基於UWB定位的啟發式無人機編隊控制設計

Abstract

本論文提出了一套由三架無人機、Ultra-wide band (UWB)、GPS及Raspberry Pi 3B+ (RPi3) 所組成的無人機群協同飛行系統架構。 研究過程中嘗試以UWB來支援無人機編隊的相對定位，但因定位效果不如預期，所以仍採用GPS進行定位。此架構可自動控制僚機維持特定任務隊形，跟隨長機協同飛行。樹梅派透過Wi-Fi建立多架無人機之間的區域無線網路，並用UDP通訊協定讀取來自無人機飛控電腦中的空速計、氣壓計、陀螺儀等各項儀器的飛航資訊，後經由提出的PI自動控制器，可以將兩架跟隨無人機在飛行期間的水平、垂直誤差都控制在10 cm以內，再經由無人機之間的通訊管道，組織成Leader-Follower結構的無人機編隊控制系統，使無人機群跟隨誤差達到公分級的精準度。同時本論文提出一套模擬器，將無人機的各項相關數據以及相關環境參數納入考量，搭配前述所提出之PID控制方法，以三維立體動畫的方式預測無人機群的飛行，可從更多角度觀察無人機的模擬狀況，盡可能的避免實際飛行時的危險情況。

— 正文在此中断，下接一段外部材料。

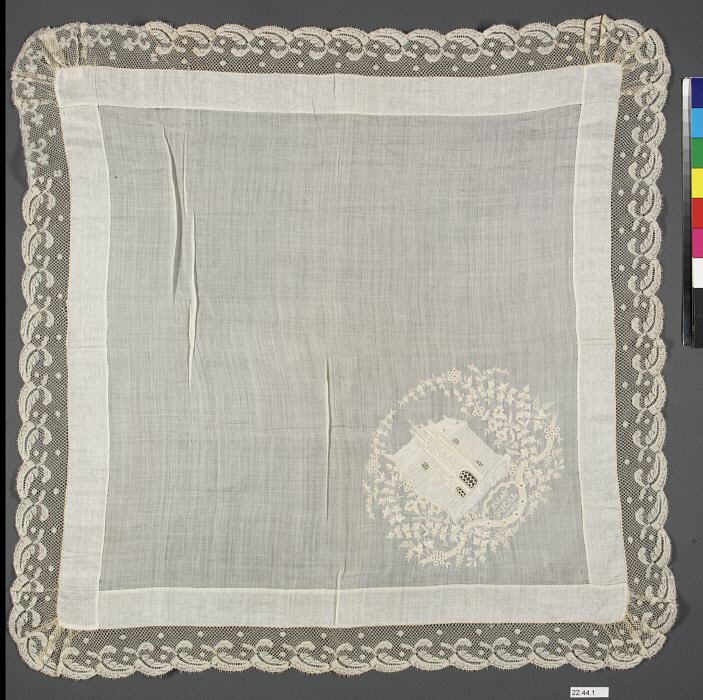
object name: handkerchief
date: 1801-1900
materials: linen
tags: houses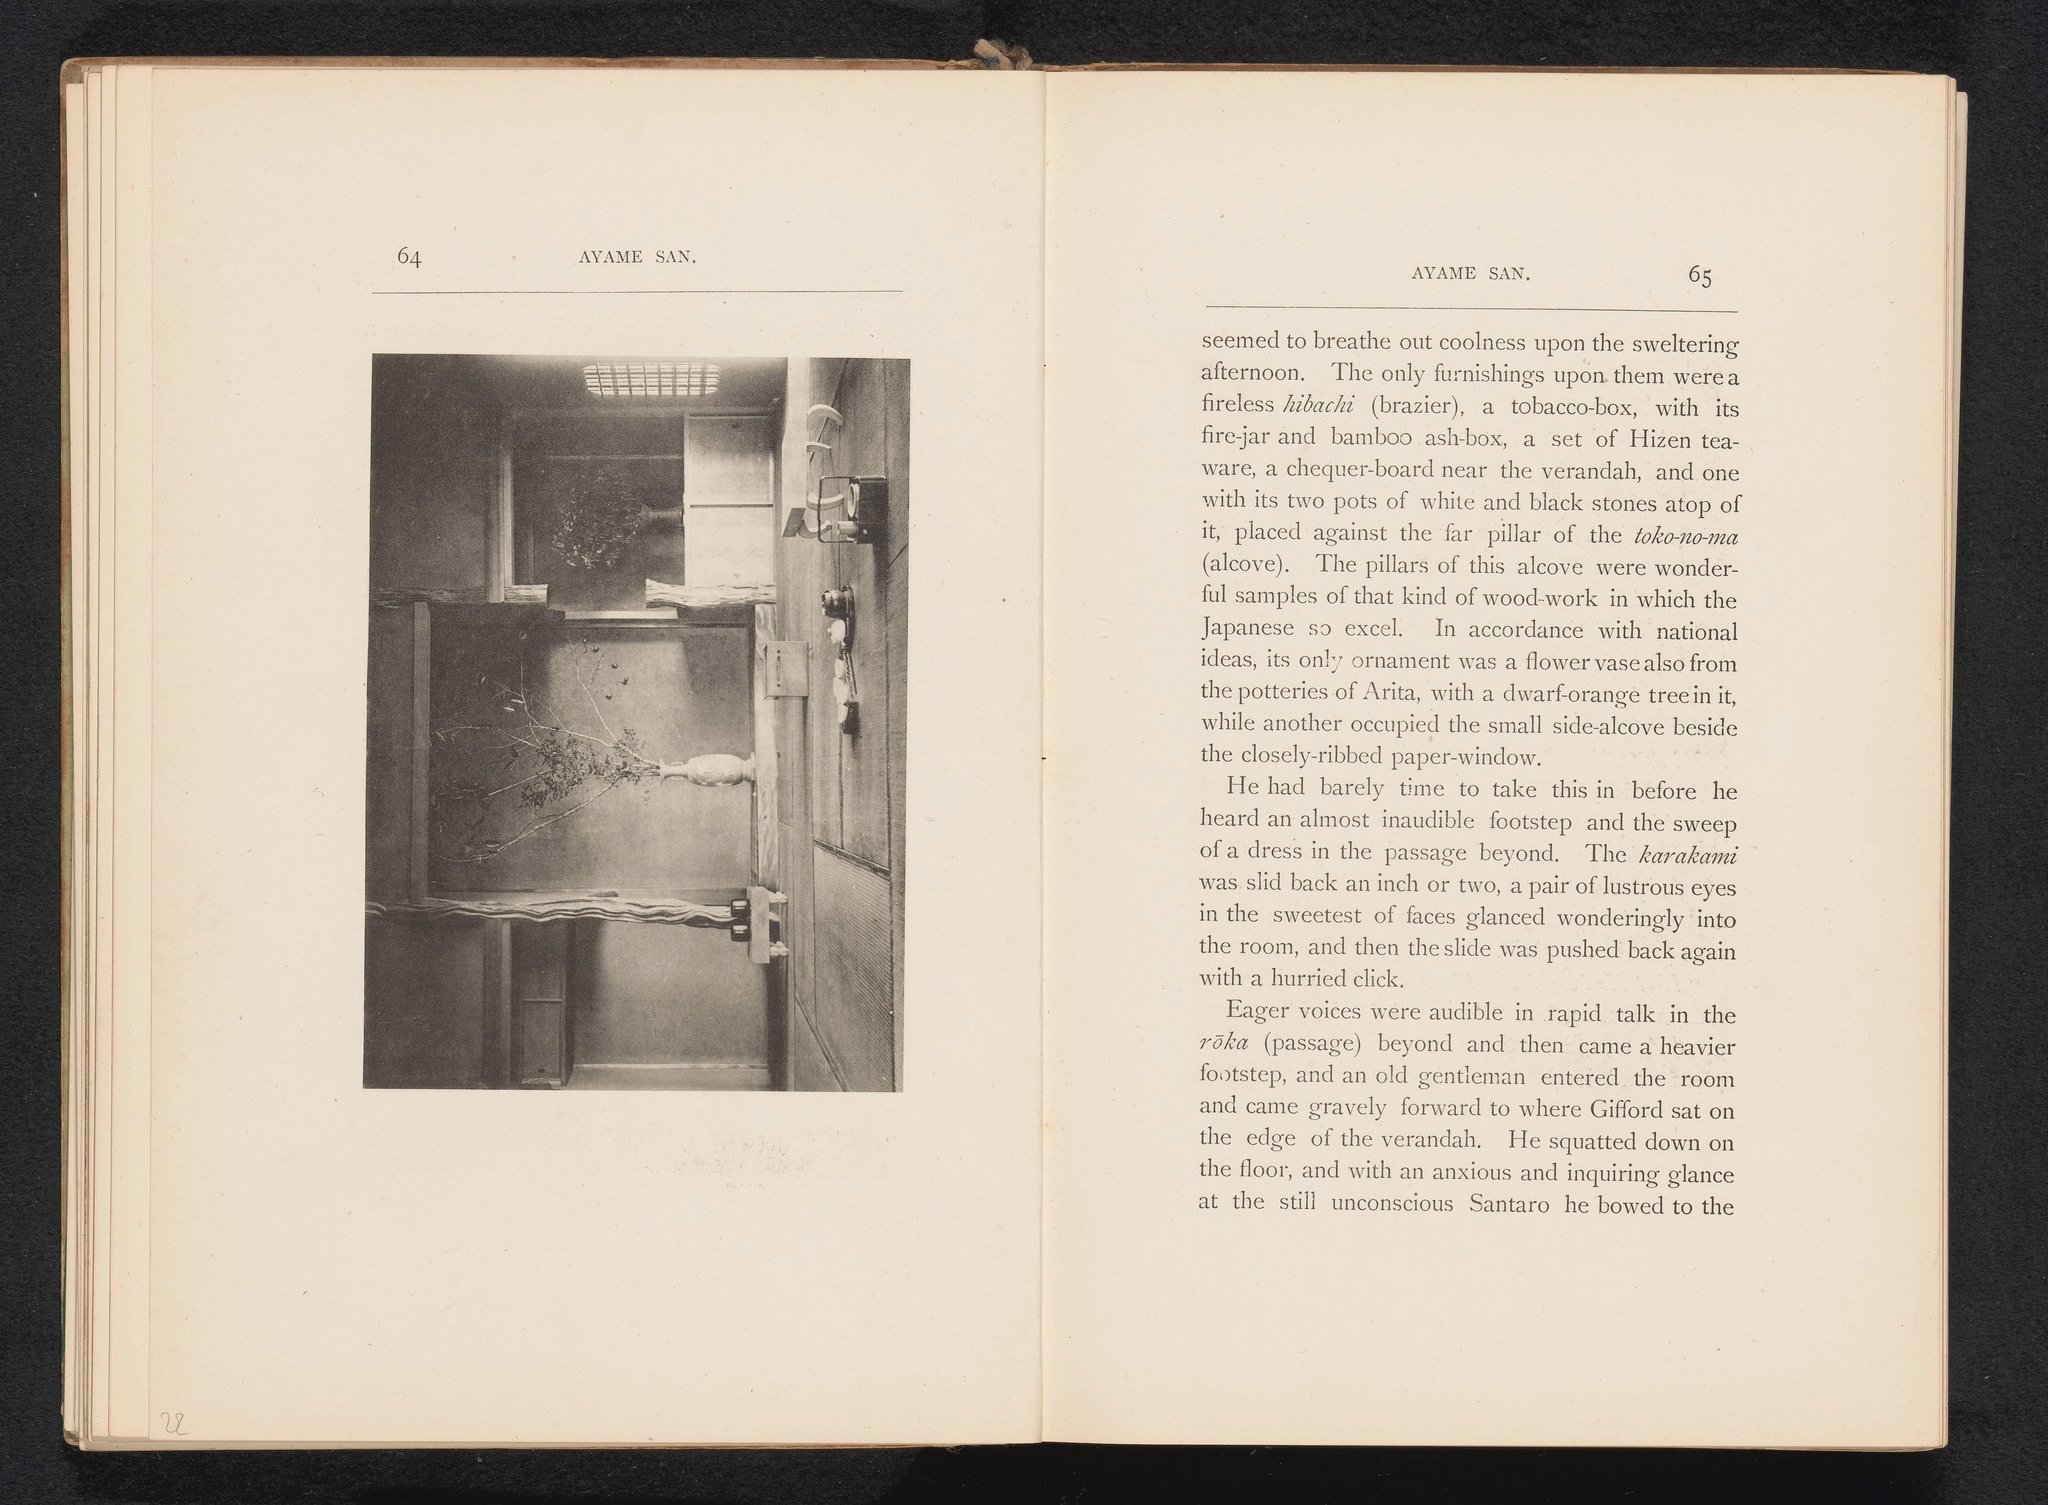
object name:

The paper proposes a collaborative flight system architecture composed of three drones, Ultra-wide band (UWB), GPS, and Raspberry Pi 3B+ (RPi3). This architecture automatically controls the followers to maintain mission formations and fly with the leader. During the research process, UWB was tried to support the relative positioning of UAV formations, but because the positioning effect was not as good as expected, GPS was still used for positioning. Due to the high mobility of UAV, we can adjust the formation of the UAV swarm in GPS-denied environments using UWB positioning signals. During flight, the Raspberry Pi establishes a communication channel through a Wi-Fi local wireless network formed among UAV swarm. UDP communication protocol is used to allow UAVs to share their information with each other to determine and adjust their flight attitudes. The Raspberry Pi also reads flight information from the flight control computers of UAV. Through the proposed PI automatic control method, the horizontal and vertical errors of the two follower are controlled within 10 cm. Then, a Leader-Follower structured UAV formation control system is organized, achieving centimeter-level precision in following errors for the drone group. Additionally, the paper proposes a simulator that takes into account various relevant data of UAV and environmental parameters before the actual flight of the UAV swarm. With the control method proposed above, the simulator predicts the flight of the UAV swarm and presents it with three-dimensional animations,allowing observation of UAV simulations from various perspectives, minimizing potential risks during actual flights.